• Data records:

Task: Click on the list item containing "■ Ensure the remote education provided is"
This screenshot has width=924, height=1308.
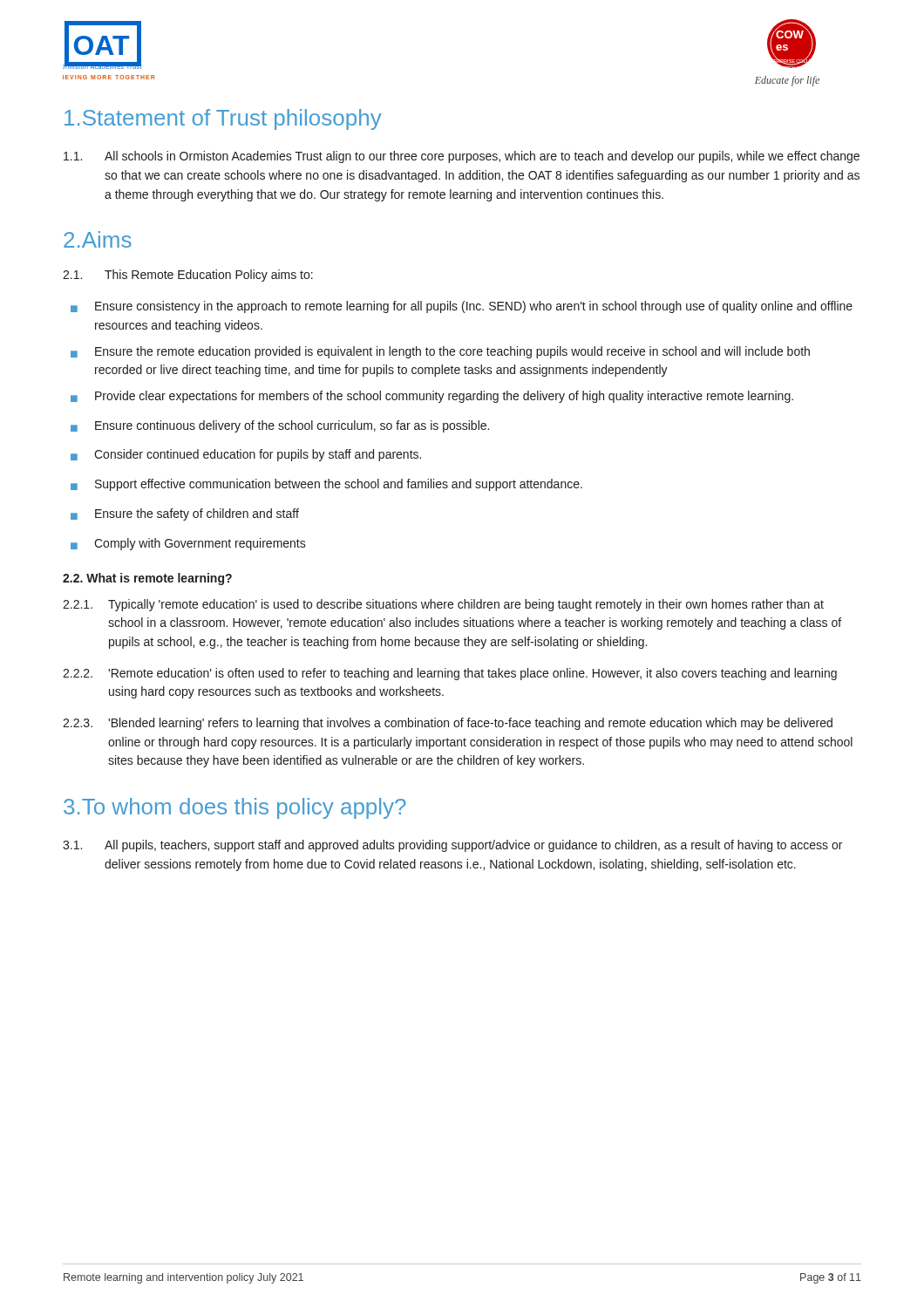Action: [466, 361]
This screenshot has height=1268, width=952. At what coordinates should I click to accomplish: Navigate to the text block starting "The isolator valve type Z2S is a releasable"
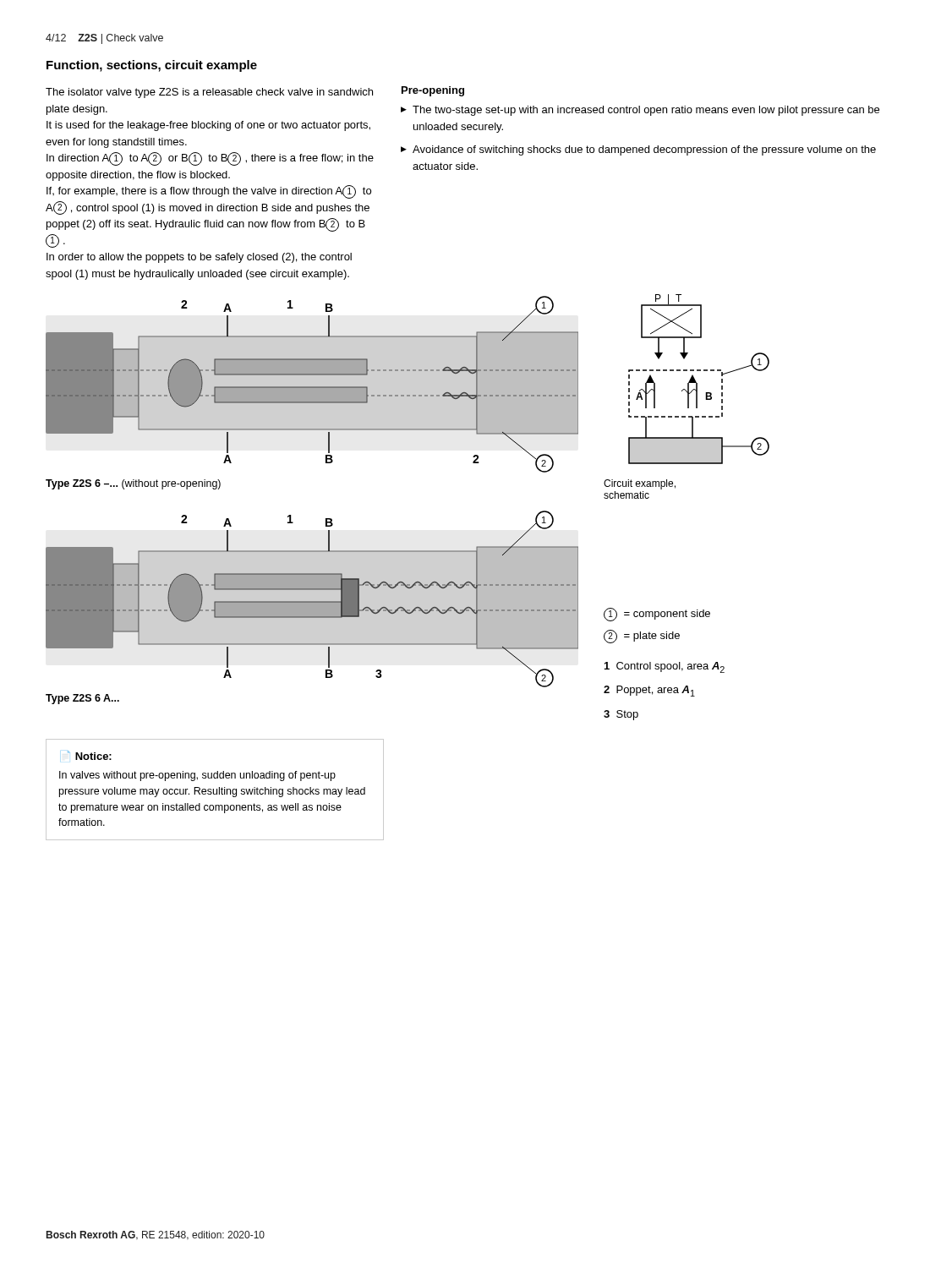pyautogui.click(x=210, y=182)
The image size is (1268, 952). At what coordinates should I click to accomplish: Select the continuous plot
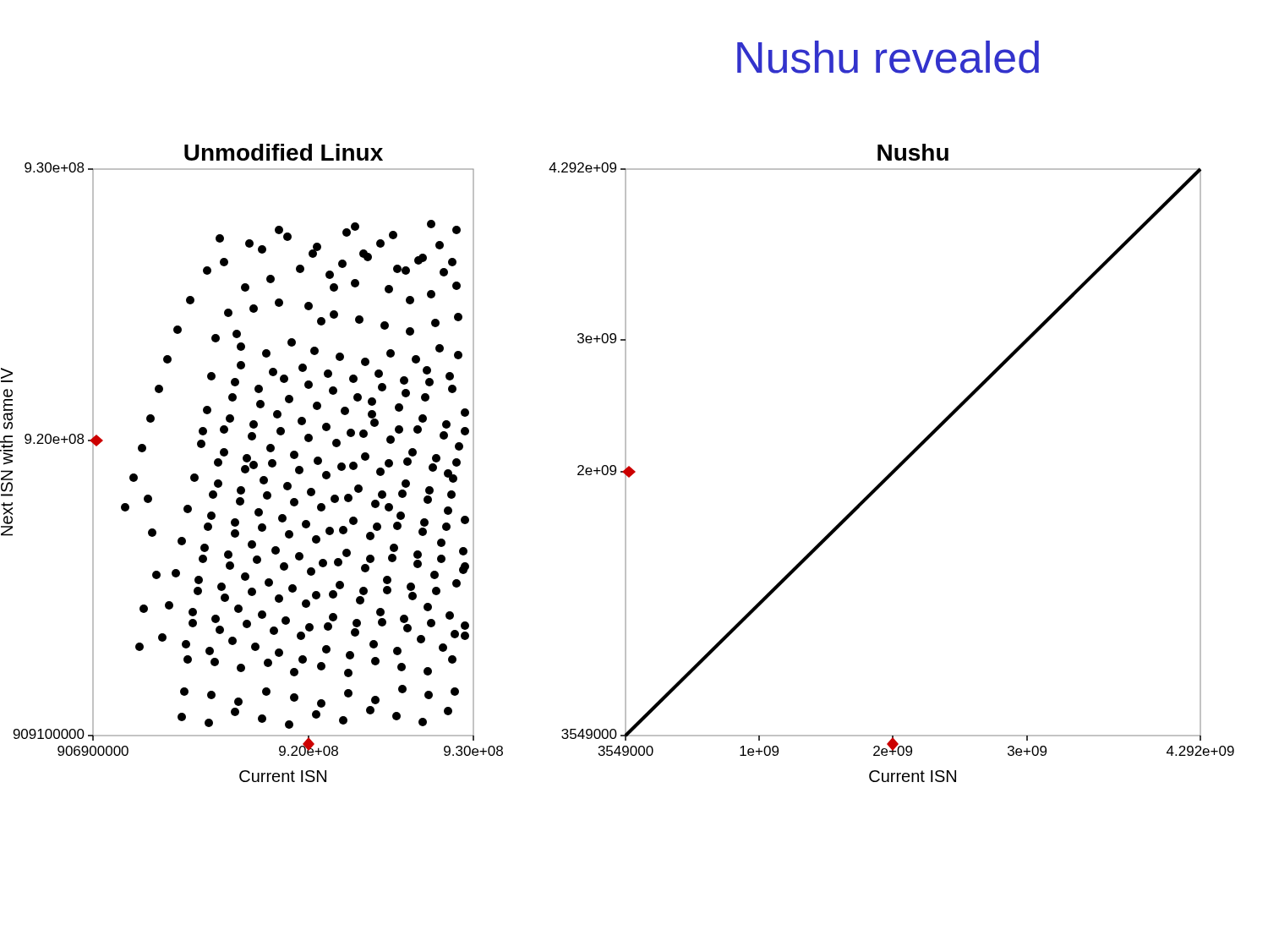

• Activity: Please repeat all of the data exactly as it stands, leaving the pictures out.

• Answer area:
Task: Click on the list item containing "■ Ensure the remote education provided is"
This screenshot has width=924, height=1308.
Action: [466, 361]
This screenshot has height=1268, width=952. At what coordinates should I click to accomplish: Navigate to the text block starting "The isolator valve type Z2S is a releasable"
pyautogui.click(x=210, y=182)
The image size is (1268, 952). At what coordinates should I click to accomplish: Select the continuous plot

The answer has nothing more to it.